Na de pauze trad er een tovenaar op en hoewel de verslaggever van het Algemeen Handelsblad zijn best heeft gedaan, zijn naam is niet tot hem gekomen. Hij betrok zijn publiek door het publiek bij elkaar te toeteren door op een grote schelp te blazen. Met de tovenaar kwam een einde aan deze voorstelling. Indien het publiek nog energie overhad, de hele voorstelling duurde bij elkaar to al gauw twee uur, kon met de stallen bezoeken.

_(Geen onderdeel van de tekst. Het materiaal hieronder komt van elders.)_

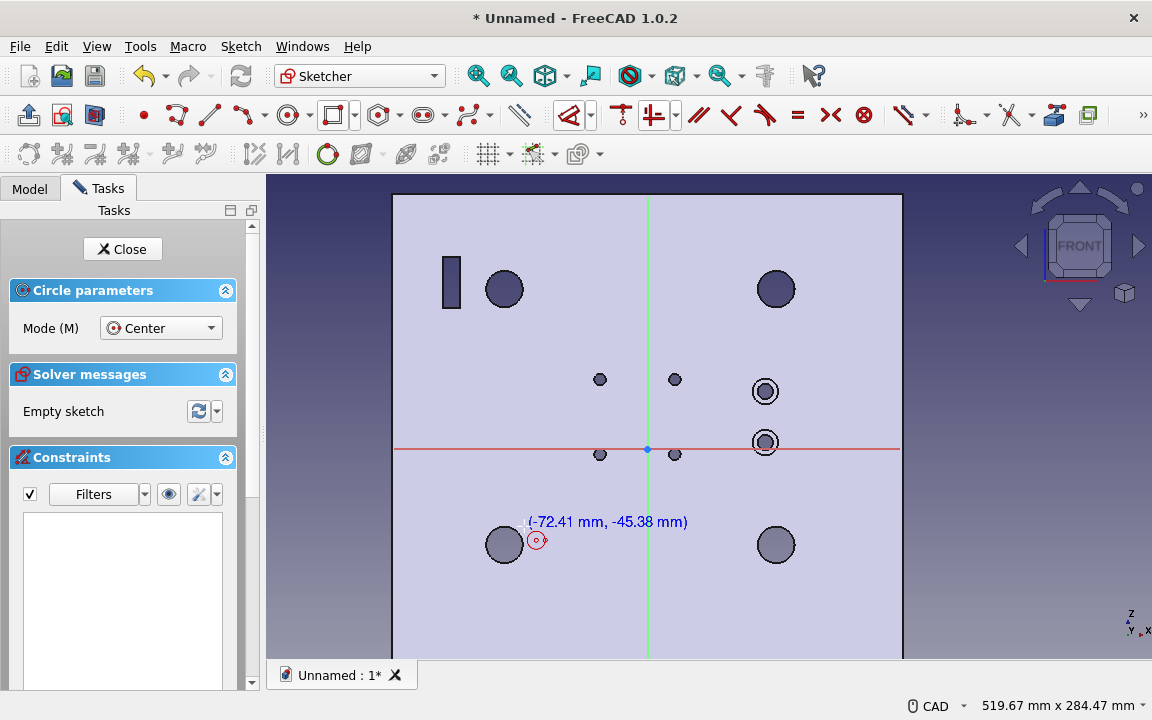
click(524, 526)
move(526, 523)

Nu gaat dit verhaal vooral over een van de eerste voorstellingen, maar de ene voorstelling was niet gelijk aan de andere. Zo was er bij een latere voorstelling op 13 augustus 1902 ‘gelegenheid’ om een huwelijksplechtigheid van Bedoeïenen bij te wonen. De Telegraaf van 14 augustus 1902 wijdt een redelijk lang artikel aan dit huwelijksfeest (zie de afbeelding). Ondanks de lengte van het artikel is er geen naam terug te vinden van de bruidegom en de bruid. Daar voorziet het Algemeen Handelsblad dan wel weer in. Het gaat om de Bedoeïen ‘Abdul Hadi Oar die zich met het meisje Senab Salsch in den echt zal begeven’. Hun bronnen waren van dermate betrouwbare aard dat zij de namen al een dag voor ‘het huwelijksfeest’ bekend konden maken. Volledigheidshalve moet ik vermelden dat De Haagsche Courant en De Telegraaf later ook namen heeft vermeld, andere namen. Welke krant de juiste namen had?

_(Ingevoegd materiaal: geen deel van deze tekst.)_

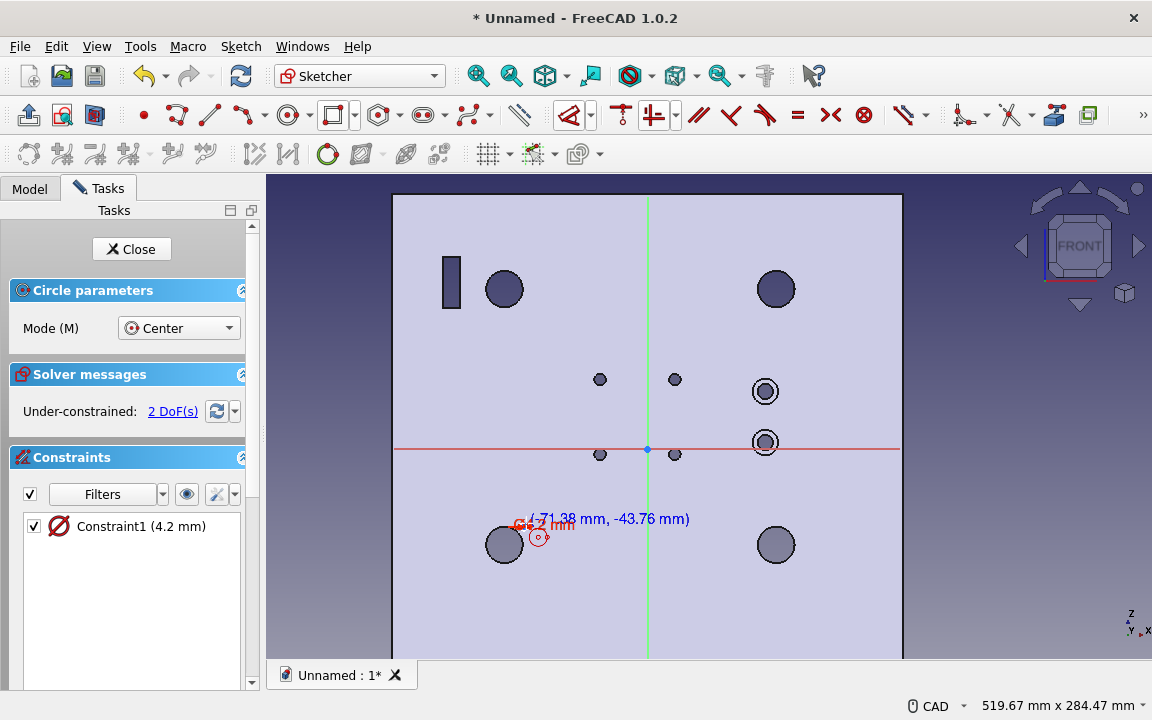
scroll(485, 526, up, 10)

Tot slot nog een woord over de man achter het Bedoeïenenkamp en al deze voorstellingen. Het ging om de impresario Dr. Goldmann die alles organiseerde. Hij krijgt veel lof toegezwaaid omdat er in vergelijking met andere gelijksoortige gezelschappen dit wel een van de besten was. Wat er werd beloofd, werd ook waargemaakt.